* _About this exercise_
Exact copy, no pictures: set down the lines from the one holding "How do I perform: Click" through the final line of the records below.

* _Material provided_
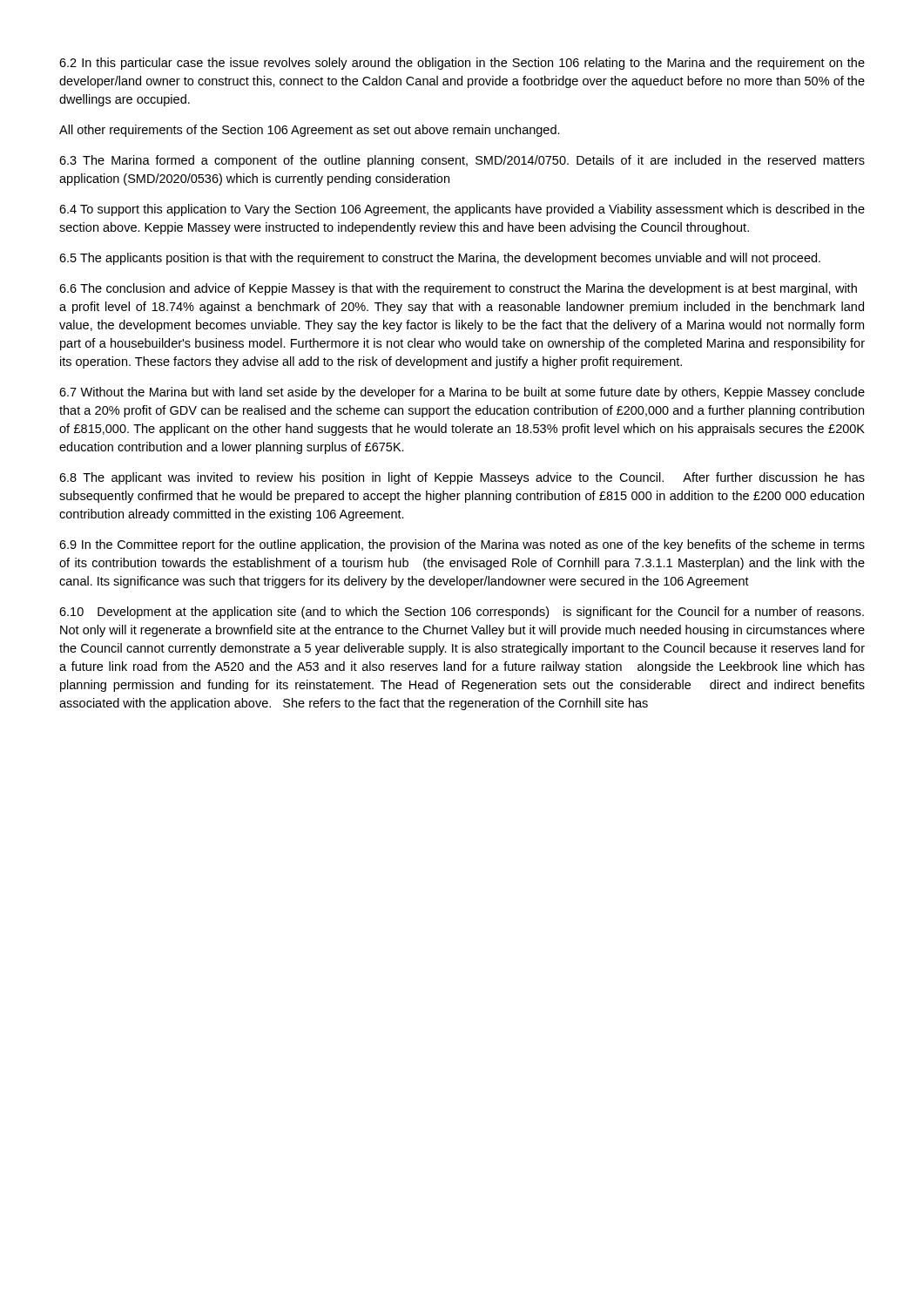Find the text block containing "5 The applicants position is that with the"
The height and width of the screenshot is (1307, 924).
click(440, 258)
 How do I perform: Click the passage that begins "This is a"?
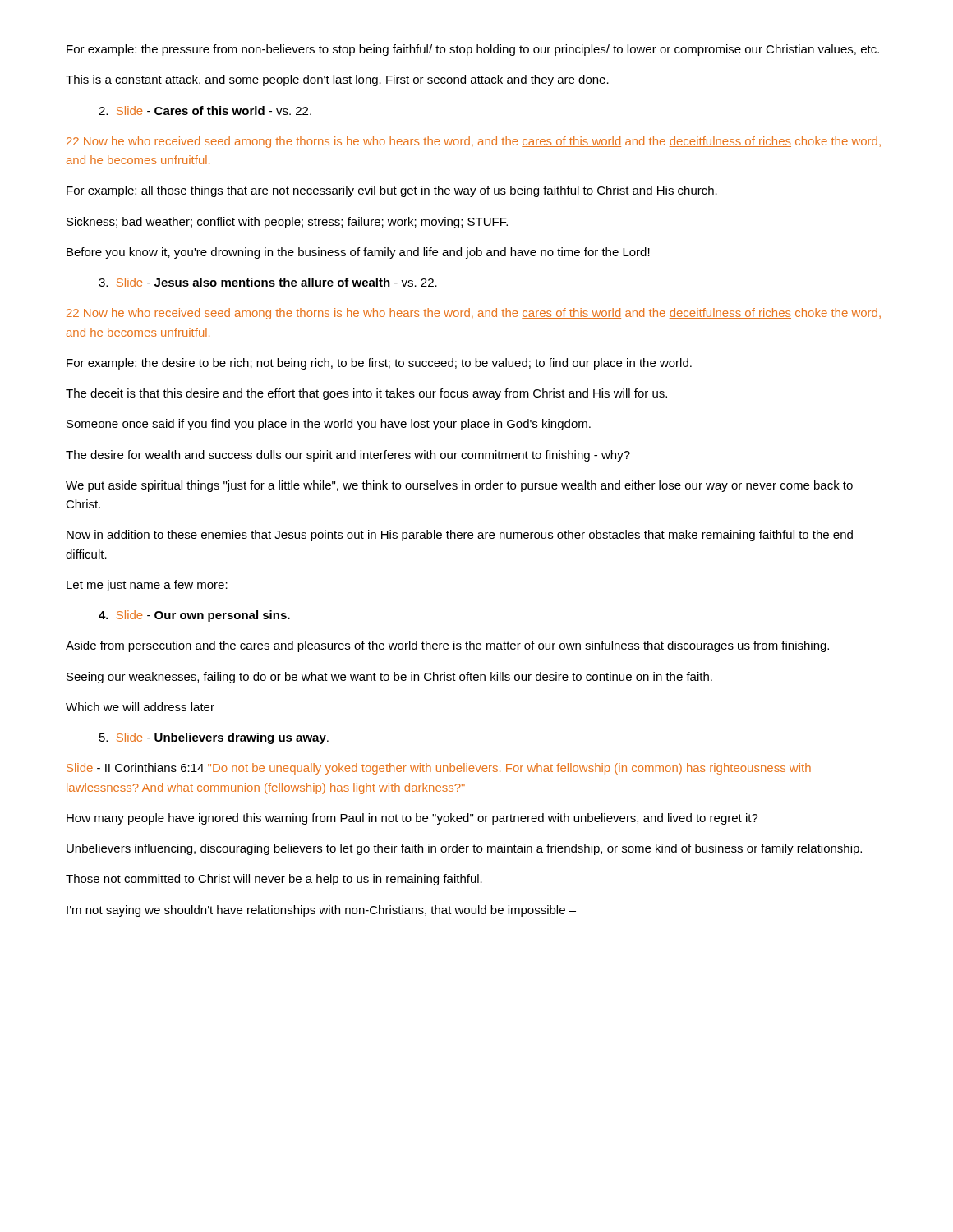[338, 79]
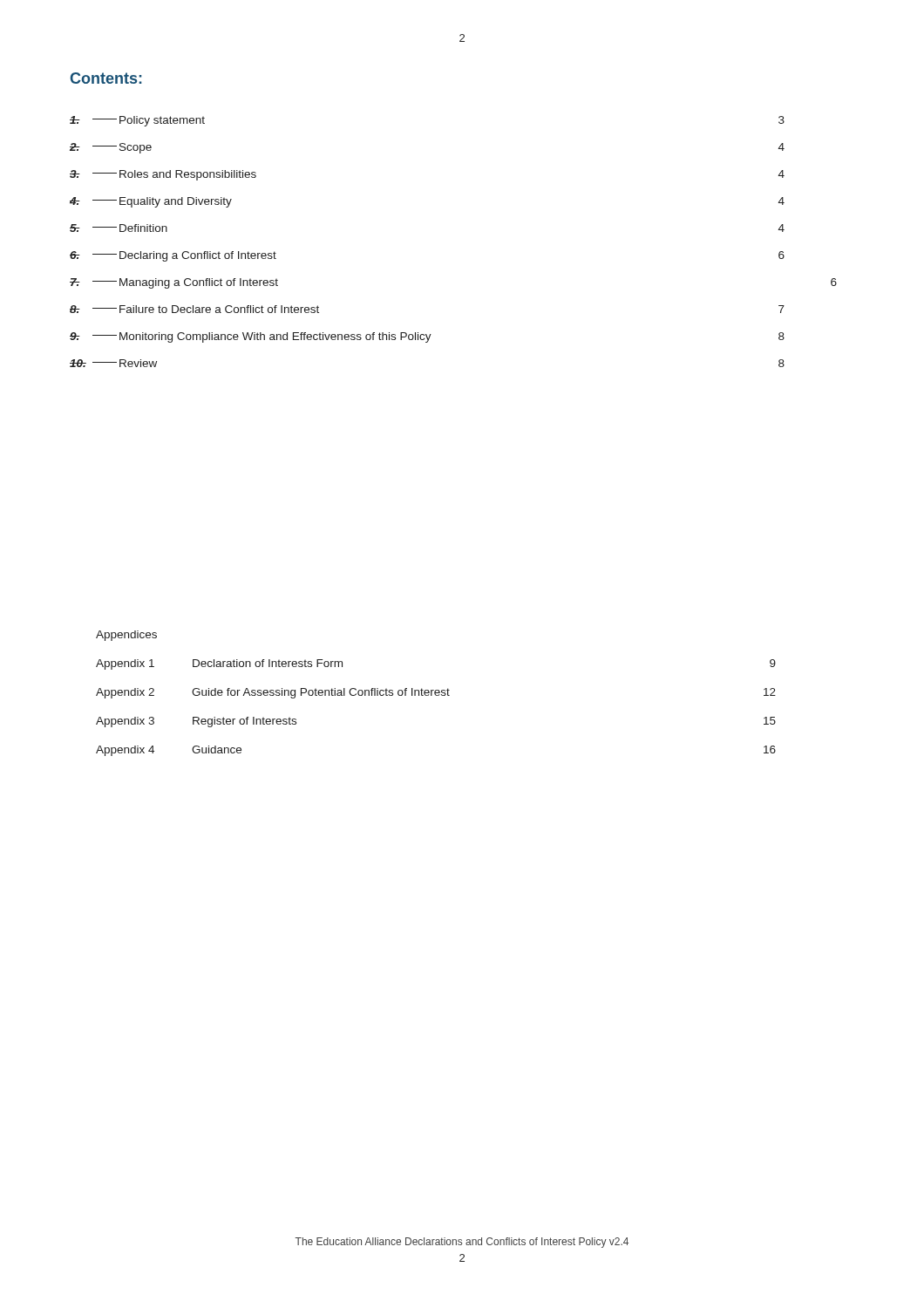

* _Output of the task_
 How do I perform: Click the passage that begins "This is a"?
[338, 79]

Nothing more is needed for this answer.